Le dialogue croisé des mitochondries
Un mystère encore en cours d’investigation entoure les détails de ce qui arrive aux mitochondries sous stress. La meilleure hypothèse de Picard est que cela commence lorsqu’un déclencheur de stress fait que les cellules des glandes surrénales libèrent l’hormone cortisol. Dans ces cellules, les mitochondries synthétisent l’hormone (avec l’aide d’un autre organite, le réticulum endoplasmique) en transformant le cholestérol en cortisol. Le cortisol circule ensuite dans tout le corps dans le sang. Des récepteurs spécialisés transportent le cortisol jusqu’aux noyaux des cellules, où il active environ 1 000 gènes pour aider les cellules à se préparer à la réponse « combat ou fuite ». Mais les récepteurs transportent également une partie du cortisol entrant dans les mitochondries, où il interagit avec l’ADN mitochondrial et rend la production d’énergie plus efficace.
En effet, les mitochondries des glandes surrénales produisent l’hormone du stress, et elle se déplace vers d’autres mitochondries dans tout le corps, entraînant une réponse intégrée au stress. « Cela crée une belle diaphonie mitochondriale entre les organes qui n’a pas été beaucoup discutée ou développée », a déclaré Picard.

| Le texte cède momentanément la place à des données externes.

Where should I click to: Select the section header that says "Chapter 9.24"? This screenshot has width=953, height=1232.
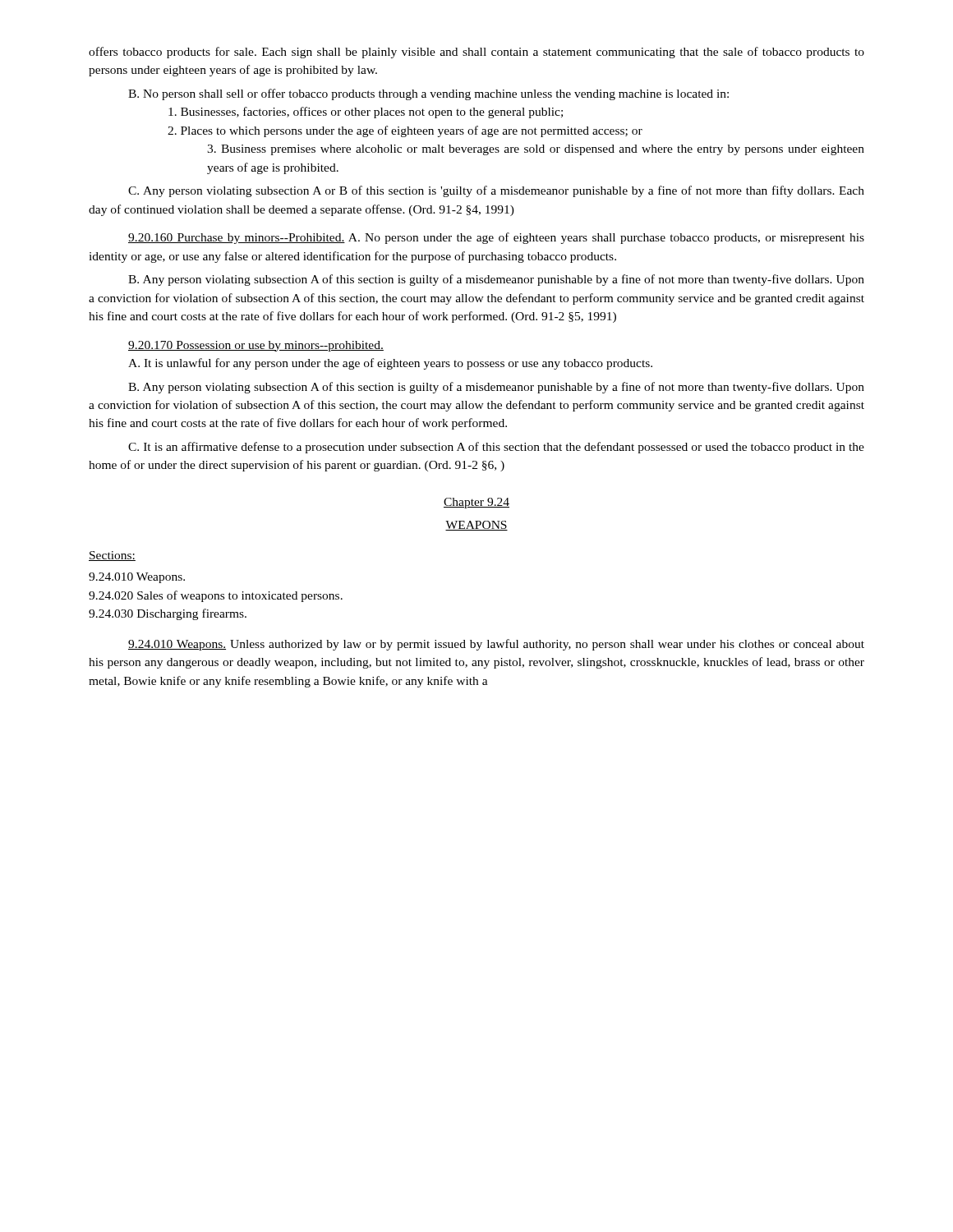point(476,501)

Lorsque les mitochondries s’ajustent en réponse à ces signaux, elles peuvent changer de forme, passant d’une forme de haricot à une structure allongée en forme de spaghetti, se séparer ou fusionner entre elles. La perturbation de ces processus de fusion et de fission peut entraîner des dommages cellulaires, voire la mort. Picard compare cette perturbation à l’isolement social – lorsque les mitochondries ne peuvent pas se parler, elles se portent moins bien.
Déterminer comment le stress affecte les mitochondries dans les cellules du cerveau implique souvent de sacrifier des animaux – une pratique qui est évidemment hors de question avec les humains. Néanmoins, les quelques études qui ont trouvé des moyens d’explorer le problème chez les personnes ont trouvé des indications d’un lien.
L’une d’entre elles était une étude de 2019 dans Psychoneuroendocrinology, dirigée par Caroline Trumpff, une chercheuse postdoctorale dans le laboratoire de Picard. Elle et ses collaborateurs Anna Marsland et Brett Kaufman de l’Université de Pittsburgh ont examiné un petit échantillon d’adultes d’âge moyen en bonne santé et ont trouvé une association entre un stress psychologique aigu et une augmentation rapide de courts segments d’ADN mitochondrial flottant à l’extérieur des cellules. Ces morceaux d’ADN mitochondrial sont normalement libérés lors d’événements dommageables liés à une blessure ou à une maladie. L’effet était plus prononcé chez les hommes que chez les femmes.
Identifier comment ce type de dommage mitochondrial lié au stress se produit est un travail en cours. Une explication probable est que la suractivité des mitochondries en réponse au stress leur fait générer plus de molécules appelées espèces réactives de l’oxygène, qui peuvent être toxiques pour les cellules, a déclaré Sandi.